Schematics of the different thermalization stages. In each panel, the surface density of states is shown on the right, while the surface-projected bulk density of states is shown on the left. The typical timescales of the studied processes as observed experimentally are given on the top. The surface states are plotted as semitransparent lines on the bulk density of states as a guide to the eye, and are not to be intended as real states in the bulk. The chemical potentials and effective chemical potentials are pictured as broken red lines.
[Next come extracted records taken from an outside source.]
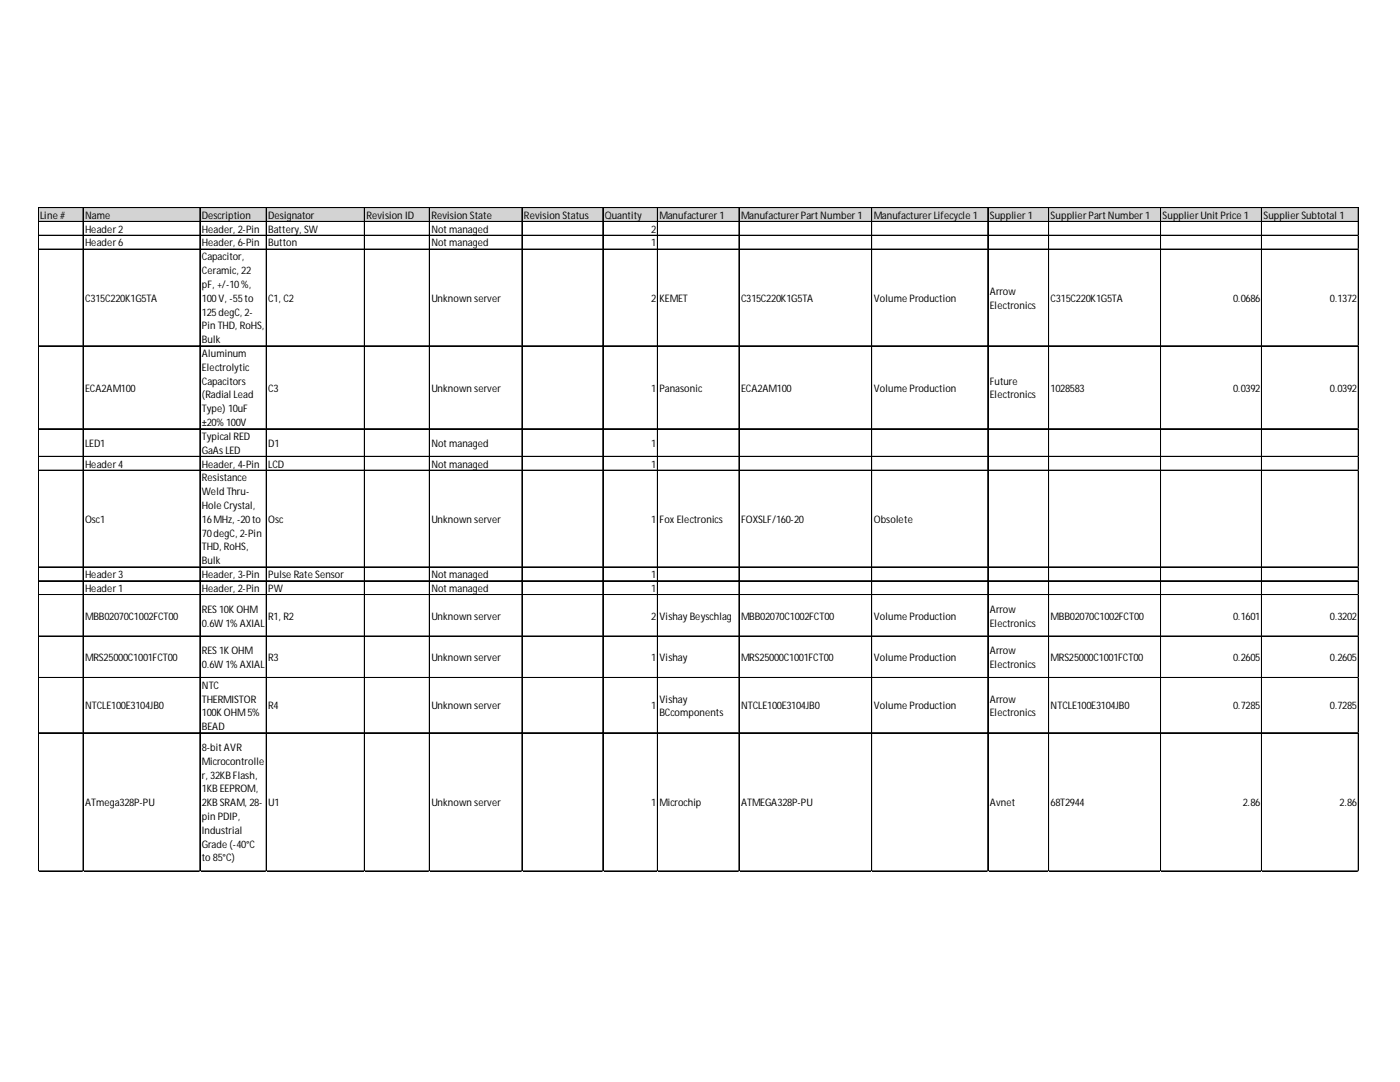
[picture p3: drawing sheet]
<svg xmlns="http://www.w3.org/2000/svg" width="279mm" height="216mm" viewBox="0 0 279 216" stroke-linecap="round" stroke-linejoin="round" font-family="sans-serif">
<defs><g id="words">
<g font-size="2.1">
<text x="8" y="43.7">Line#</text>
<text x="17" y="43.7">Name</text>
<text x="17" y="46.4">Header2</text>
<text x="40.3" y="43.7">Description</text>
<text x="40.3" y="46.4">Header, 2-Pin</text>
<text x="53.5" y="43.7">Designator</text>
<text x="53.5" y="46.4">Battery, SW</text>
<text x="73.1" y="43.7">RevisionID</text>
<text x="86.1" y="43.7">RevisionState</text>
<text x="86.1" y="46.4">Notmanaged</text>
<text x="104.6" y="43.7">RevisionStatus</text>
<text x="120.7" y="43.7">Quantity</text>
<text x="130" y="46.4">2</text>
<text x="131.6" y="43.7">Manufacturer1</text>
<text x="147.9" y="43.7">ManufacturerPartNumber1</text>
<text x="174.4" y="43.7">ManufacturerLifecycle1</text>
<text x="197.5" y="43.7">Supplier1</text>
<text x="209.7" y="43.7">SupplierPartNumber1</text>
<text x="232" y="43.7">SupplierUnitPrice1</text>
<text x="252.2" y="43.7">SupplierSubtotal 1</text>
<text x="17" y="49.2">Header6</text>
<text x="40.3" y="49.2">Header, 6-Pin</text>
<text x="40.3" y="51.9">Capacitor,</text>
<text x="53.5" y="49.2">Button</text>
<text x="86.1" y="49.2">Notmanaged</text>
<text x="130" y="49.2">1</text>
<text x="40.3" y="54.7">Ceramic, 22</text>
<text x="40.3" y="57.5">pF, +/-10%,</text>
<text x="197.5" y="58.8">Arrow</text>
<text x="17" y="60.2">C315C220K1G5TA</text>
<text x="40.3" y="60.2">100V, -55to</text>
<text x="40.3" y="63">125degC, 2-</text>
<text x="40.3" y="65.7">PinTHD, RoHS,</text>
<text x="53.5" y="60.2">C1, C2</text>
<text x="86.1" y="60.2">Unknownserver</text>
<text x="130" y="60.2">2</text>
<text x="131.6" y="60.2">KEMET</text>
<text x="147.9" y="60.2">C315C220K1G5TA</text>
<text x="174.4" y="60.2">VolumeProduction</text>
<text x="197.5" y="61.6">Electronics</text>
<text x="209.7" y="60.2">C315C220K1G5TA</text>
<text x="246.1" y="60.2">0.0686</text>
<text x="265.4" y="60.2">0.1372</text>
<text x="40.3" y="68.5">Bulk</text>
<text x="40.3" y="71.2">Aluminum</text>
<text x="40.3" y="74">Electrolytic</text>
<text x="40.3" y="76.8">Capacitors</text>
<text x="197.5" y="76.8">Future</text>
<text x="17" y="78.1">ECA2AM100</text>
<text x="40.3" y="79.5">(Radial Lead</text>
<text x="40.3" y="82.3">Type) 10uF</text>
<text x="53.5" y="78.1">C3</text>
<text x="86.1" y="78.1">Unknownserver</text>
<text x="130" y="78.1">1</text>
<text x="131.6" y="78.1">Panasonic</text>
<text x="147.9" y="78.1">ECA2AM100</text>
<text x="174.4" y="78.1">VolumeProduction</text>
<text x="197.5" y="79.5">Electronics</text>
<text x="209.7" y="78.1">1028583</text>
<text x="246.1" y="78.1">0.0392</text>
<text x="265.4" y="78.1">0.0392</text>
<text x="17" y="89.2">LED1</text>
<text x="40.3" y="85">±20%100V</text>
<text x="40.3" y="87.8">Typical RED</text>
<text x="53.5" y="89.2">D1</text>
<text x="86.1" y="89.2">Notmanaged</text>
<text x="130" y="89.2">1</text>
<text x="17" y="93.3">Header4</text>
<text x="40.3" y="90.5">GaAsLED</text>
<text x="40.3" y="93.3">Header, 4-Pin</text>
<text x="53.5" y="93.3">LCD</text>
<text x="86.1" y="93.3">Notmanaged</text>
<text x="130" y="93.3">1</text>
<text x="40.3" y="96.1">Resistance</text>
<text x="40.3" y="98.8">WeldThru-</text>
<text x="40.3" y="101.6">HoleCrystal,</text>
<text x="17" y="104.3">Osc1</text>
<text x="40.3" y="104.3">16MHz, -20to</text>
<text x="40.3" y="107.1">70degC, 2-Pin</text>
<text x="53.5" y="104.3">Osc</text>
<text x="86.1" y="104.3">Unknownserver</text>
<text x="130" y="104.3">1</text>
<text x="131.6" y="104.3">FoxElectronics</text>
<text x="147.9" y="104.3">FOXSLF/160-20</text>
<text x="174.4" y="104.3">Obsolete</text>
<text x="40.3" y="109.8">THD, RoHS,</text>
<text x="40.3" y="112.6">Bulk</text>
<text x="17" y="115.4">Header3</text>
<text x="17" y="118.1">Header1</text>
<text x="40.3" y="115.4">Header, 3-Pin</text>
<text x="40.3" y="118.1">Header, 2-Pin</text>
<text x="53.5" y="115.4">PulseRateSensor</text>
<text x="53.5" y="118.1">PW</text>
<text x="86.1" y="115.4">Notmanaged</text>
<text x="86.1" y="118.1">Notmanaged</text>
<text x="130" y="115.4">1</text>
<text x="130" y="118.1">1</text>
<text x="17" y="123.6">MBB02070C1002FCT00</text>
<text x="40.3" y="122.3">RES10KOHM</text>
<text x="40.3" y="125">0.6W1%AXIAL</text>
<text x="53.5" y="123.6">R1, R2</text>
<text x="86.1" y="123.6">Unknownserver</text>
<text x="130" y="123.6">2</text>
<text x="131.6" y="123.6">VishayBeyschlag</text>
<text x="147.9" y="123.6">MBB02070C1002FCT00</text>
<text x="174.4" y="123.6">VolumeProduction</text>
<text x="197.5" y="122.3">Arrow</text>
<text x="197.5" y="125">Electronics</text>
<text x="209.7" y="123.6">MBB02070C1002FCT00</text>
<text x="246.1" y="123.6">0.1601</text>
<text x="265.4" y="123.6">0.3202</text>
<text x="17" y="131.9">MRS25000C1001FCT00</text>
<text x="40.3" y="130.5">RES1KOHM</text>
<text x="53.5" y="131.9">R3</text>
<text x="86.1" y="131.9">Unknownserver</text>
<text x="130" y="131.9">1</text>
<text x="131.6" y="131.9">Vishay</text>
<text x="147.9" y="131.9">MRS25000C1001FCT00</text>
<text x="174.4" y="131.9">VolumeProduction</text>
<text x="197.5" y="130.5">Arrow</text>
<text x="209.7" y="131.9">MRS25000C1001FCT00</text>
<text x="246.1" y="131.9">0.2605</text>
<text x="265.4" y="131.9">0.2605</text>
<text x="40.3" y="133.3">0.6W1%AXIAL</text>
<text x="40.3" y="137.4">NTC</text>
<text x="197.5" y="133.3">Electronics</text>
<text x="17" y="141.6">NTCLE100E3104JB0</text>
<text x="40.3" y="140.2">THERMISTOR</text>
<text x="40.3" y="142.9">100KOHM5%</text>
<text x="53.5" y="141.6">R4</text>
<text x="86.1" y="141.6">Unknownserver</text>
<text x="130" y="141.6">1</text>
<text x="131.6" y="140.2">Vishay</text>
<text x="131.6" y="142.9">BCcomponents</text>
<text x="147.9" y="141.6">NTCLE100E3104JB0</text>
<text x="174.4" y="141.6">VolumeProduction</text>
<text x="197.5" y="140.2">Arrow</text>
<text x="197.5" y="142.9">Electronics</text>
<text x="209.7" y="141.6">NTCLE100E3104JB0</text>
<text x="246.1" y="141.6">0.7285</text>
<text x="265.4" y="141.6">0.7285</text>
<text x="40.3" y="145.7">BEAD</text>
<text x="40.3" y="149.8">8-bitAVR</text>
<text x="40.3" y="152.6">Microcontrolle</text>
<text x="40.3" y="155.3">r, 32KBFlash,</text>
<text x="17" y="160.9">ATmega328P-PU</text>
<text x="40.3" y="158.1">1KBEEPROM,</text>
<text x="40.3" y="160.9">2KBSRAM, 28-</text>
<text x="53.5" y="160.9">U1</text>
<text x="86.1" y="160.9">Unknownserver</text>
<text x="130" y="160.9">1</text>
<text x="131.6" y="160.9">Microchip</text>
<text x="147.9" y="160.9">ATMEGA328P-PU</text>
<text x="197.5" y="160.9">Avnet</text>
<text x="209.7" y="160.9">68T2944</text>
<text x="248" y="160.9">2.86</text>
<text x="267.3" y="160.9">2.86</text>
<text x="40.3" y="163.6">pinPDIP,</text>
<text x="40.3" y="166.4">Industrial</text>
<text x="40.3" y="169.1">Grade(-40°C</text>
<text x="40.3" y="171.9">to85°C)</text>
</g>
</g></defs>
<path d="M7.7 41.5h263.5v2.8h-263.5z" fill="#d3d3d3"/>
<g fill="none" stroke="#000" stroke-width=".2">
<path d="M7.6 41.4v132.5M7.7 41.4v132.5M7.7 41.4h263.5M7.7 41.5h263.5M7.7 44.2h263.5M7.7 46.9h263.5M7.7 47h263.5M7.7 49.7h263.5M7.7 49.8h263.5M16.6 41.6v132.3M39.9 41.6v132.3M53.1 41.6v132.3"/>
<path d="M53.2 41.6v132.3M72.7 41.6v132.3M72.8 41.6v132.3M85.7 41.6v132.3M104.2 41.6v132.3M120.3 41.6v132.3M120.4 41.6v132.3M131.2 41.6v132.3M131.3 41.6v132.3M147.5 41.6v132.3M174 41.6v132.3M197.1 41.6v132.3"/>
<path d="M197.2 41.6v132.3M209.3 41.6v132.3M231.6 41.6v132.3M231.7 41.6v132.3M251.7 41.6v132.3M251.8 41.6v132.3M271.1 41.6v132.3M7.7 69h263.5M7.7 69.1h263.5M7.7 85.5h263.5M7.7 85.6h263.5M7.7 91.1h263.5"/>
<path d="M7.7 93.8h263.5M7.7 93.9h263.5M7.7 113.1h263.5M7.7 113.2h263.5M7.7 115.9h263.5M7.7 118.6h263.5M7.7 118.7h263.5M7.7 126.9h263.5M7.7 127h263.5M7.7 135.2h263.5M7.7 146.2h263.5M7.7 146.3h263.5"/>
<path d="M7.7 173.8h263.5"/>
</g>
<path d="M7.6 173.9v.1" fill="none" stroke="#d4d4d4" stroke-width=".2"/>
<path d="M7.6 173.9l.1 .1z" fill="#d4d4d4"/>
<path d="M16.6 173.9v.1" fill="none" stroke="#d4d4d4" stroke-width=".2"/>
<path d="M16.6 173.9l.1 .1z" fill="#d4d4d4"/>
<path d="M39.9 173.9v.1" fill="none" stroke="#d4d4d4" stroke-width=".2"/>
<path d="M39.9 173.9l.1 .1z" fill="#d4d4d4"/>
<path d="M53.1 173.9v.1" fill="none" stroke="#d4d4d4" stroke-width=".2"/>
<path d="M53.1 173.9l.2 .1z" fill="#d4d4d4"/>
<path d="M72.7 173.9v.1" fill="none" stroke="#d4d4d4" stroke-width=".2"/>
<path d="M72.7 173.9l.1 .1z" fill="#d4d4d4"/>
<path d="M85.7 173.9v.1" fill="none" stroke="#d4d4d4" stroke-width=".2"/>
<path d="M85.7 173.9l.1 .1z" fill="#d4d4d4"/>
<path d="M104.2 173.9v.1" fill="none" stroke="#d4d4d4" stroke-width=".2"/>
<path d="M104.2 173.9l.1 .1z" fill="#d4d4d4"/>
<path d="M120.3 173.9v.1" fill="none" stroke="#d4d4d4" stroke-width=".2"/>
<path d="M120.3 173.9l.1 .1z" fill="#d4d4d4"/>
<path d="M131.2 173.9v.1" fill="none" stroke="#d4d4d4" stroke-width=".2"/>
<path d="M131.2 173.9l.1 .1z" fill="#d4d4d4"/>
<path d="M147.5 173.9v.1" fill="none" stroke="#d4d4d4" stroke-width=".2"/>
<path d="M147.5 173.9l.1 .1z" fill="#d4d4d4"/>
<path d="M174 173.9v.1" fill="none" stroke="#d4d4d4" stroke-width=".2"/>
<path d="M174 173.9l.1 .1z" fill="#d4d4d4"/>
<path d="M197.1 173.9v.1" fill="none" stroke="#d4d4d4" stroke-width=".2"/>
<path d="M197.1 173.9l.2 .1z" fill="#d4d4d4"/>
<path d="M209.3 173.9v.1" fill="none" stroke="#d4d4d4" stroke-width=".2"/>
<path d="M209.3 173.9l.1 .1z" fill="#d4d4d4"/>
<path d="M231.6 173.9v.1" fill="none" stroke="#d4d4d4" stroke-width=".2"/>
<path d="M231.6 173.9l.1 .1z" fill="#d4d4d4"/>
<path d="M251.7 173.9v.1" fill="none" stroke="#d4d4d4" stroke-width=".2"/>
<path d="M251.7 173.9l.2 .1z" fill="#d4d4d4"/>
<path d="M271.1 173.9v.1" fill="none" stroke="#d4d4d4" stroke-width=".2"/>
<path d="M271.1 173.9l.1 .1z" fill="#d4d4d4"/>
<use href="#words"/>
</svg>

The dashed gray lines depict the chemical potential at previous delay times and used as a guide to the eye. The top row illustrates the thermalization stages in ${\mathrm{Bi}}_2{\mathrm{Te}}_3$. (a) The laser excites electrons from below the Fermi energy to empty states above (for simplicity, all transitions are shown as originating from the top of the valence band; however, it is understood that the original state of the excited electrons has to be the appropriate one below the Fermi energy). (b) Two thermalization channels are active: Scattering (orange arrows) and transport (black arrows). (c) The recombination of electrons and holes is the last stage of thermalization. The bottom row depicts the thermalization stages in ${\mathrm{Bi}}_{0.9}{\mathrm{Sb}}_{1.1}{\mathrm{Te}}_3$. (d) Laser excitation. (e) Electron-electron and electron-phonon scatterings contribute to the thermalization, but the transport is quickly suppressed by the formation of charged regions. (f) The first stage of electron-hole recombination is facilitated by the fact that the scattered electron can still be within the bottom of the conduction band having high density of states. (g) The second stage is slowed down by the fact that the second electron involved in the scattering has to come from the Dirac cone, which has a low density of states.